In search of information for a story on business intelligence technology 2.0, I was informed politely by the head of the BI practice of a global IT provider that I was at least six years behind the times.
“Business intelligence 2.0 has been functional since 2003 or 2004,” said Kamlesh Mhashilkar, who heads Tata Consultancy Services’ Business Intelligence practice. Might he offer a short history of this field?
In the mid-1990s, business intelligence technology was in batch mode and segmented by department, according to Mhashilkar. The structured data was delivered for analysis at day’s end or month’s end. By 2000, as companies consolidated information from across their lines of business into one place, the business intelligence horizon expanded to enterprise-wide from departmental silos. By 2003 the push was on to deliver business intelligence, not at day’s end but as soon as possible — in an hour or the next 10 minutes.

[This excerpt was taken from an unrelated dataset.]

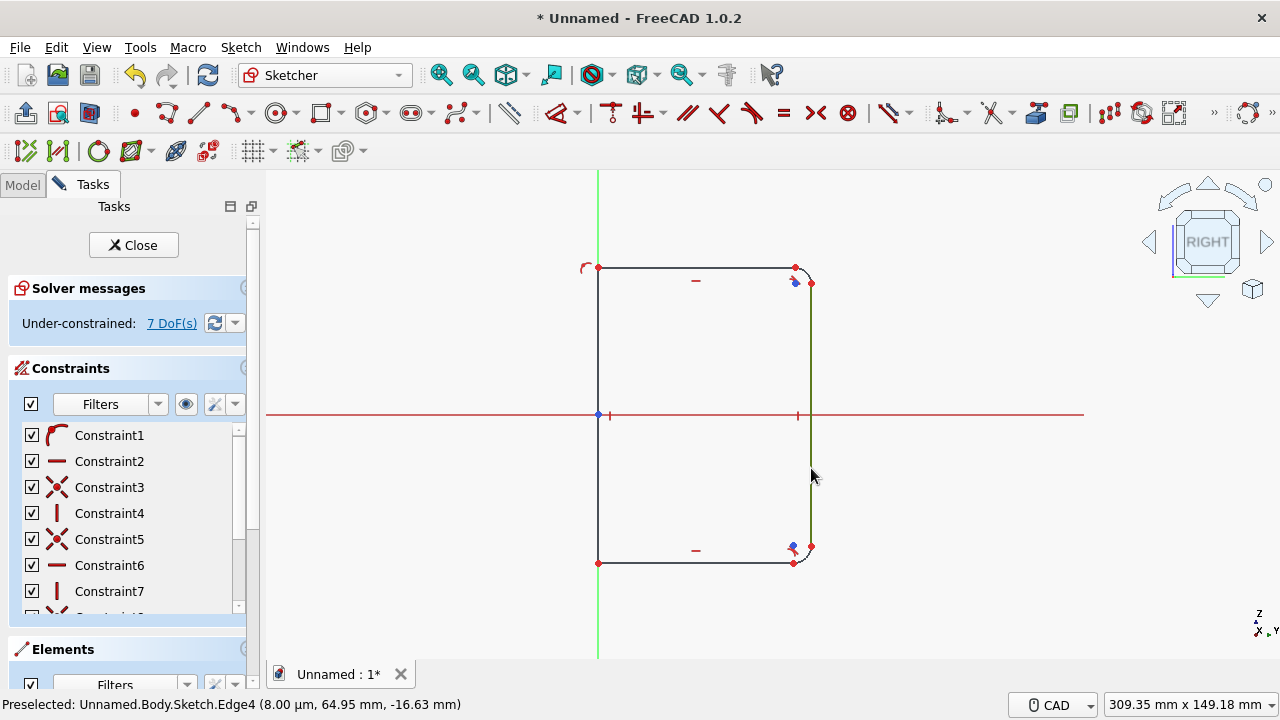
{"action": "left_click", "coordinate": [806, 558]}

“That is where BI 2.0 came into the picture: How can people get the information in near real-time, or right time?” Mhashilkar explained.
As this transformation to immediacy was going on, the amount of business intelligence information exploded to include not just what’s found in tables and data warehouses, but also the less structured text coming from the Internet and wireless devices.
Now comes business intelligence 3.0, which inevitably tries to add correlative data from more extraneous sources, plucking from voices in the marketplace, video streams from surveillance cameras, and the local and not-so-local news shows. All this ancillary information is mixed in with a company’s data stores in the blink of an eye. The sellers will tell you this kind of intelligence makes factories safer, customers happier and commodity traders richer.
The algorithms for making correlations between data have been around for a decade, and much of the hardware for much longer. But in the BI 3.0 world, the surveillance cameras that are standard equipment in retail stores, for example, will serve not only to nab shoplifters but also to recognize confusion on customers’ faces and send help.
“We are doing R&D on this,” Mhashilkar said. And it is not just retail stores where this business intelligence technology could bear fruit. Think of the improved customer service at amusement parks: The business intelligence technology would allow operators to track where a guest is going and trigger alerts for an express pass, perhaps, or an upgrade at the park hotel. “The cameras are already there. The only investment is from the software, which will analyze the images or video captured by the cameras, and just do a synthesis on that to allow much better decisions in real time,” he said.
Or not, because, as every shopper knows, lifting the veil of confusion assumes the salesperson can read your mind, and that sometimes is not the case. Most of the confusion on my face when I’m in a store reflects whether I really want to buy something I can’t afford. And the last thing I want is for some salesperson who’s been sent out by a computer from the backroom to clear that up for me. It’s actually an issue of privacy.
But, as Mhashilkar explained, “To be very frank with you, companies still haven’t crossed level BI 2.0. They are still struggling with the integration of the data. They are still struggling with the correlation of the data in batch mode, and still trying to get near real-time intelligence.”
That’s good — at least for me, because I want the right to remain confused.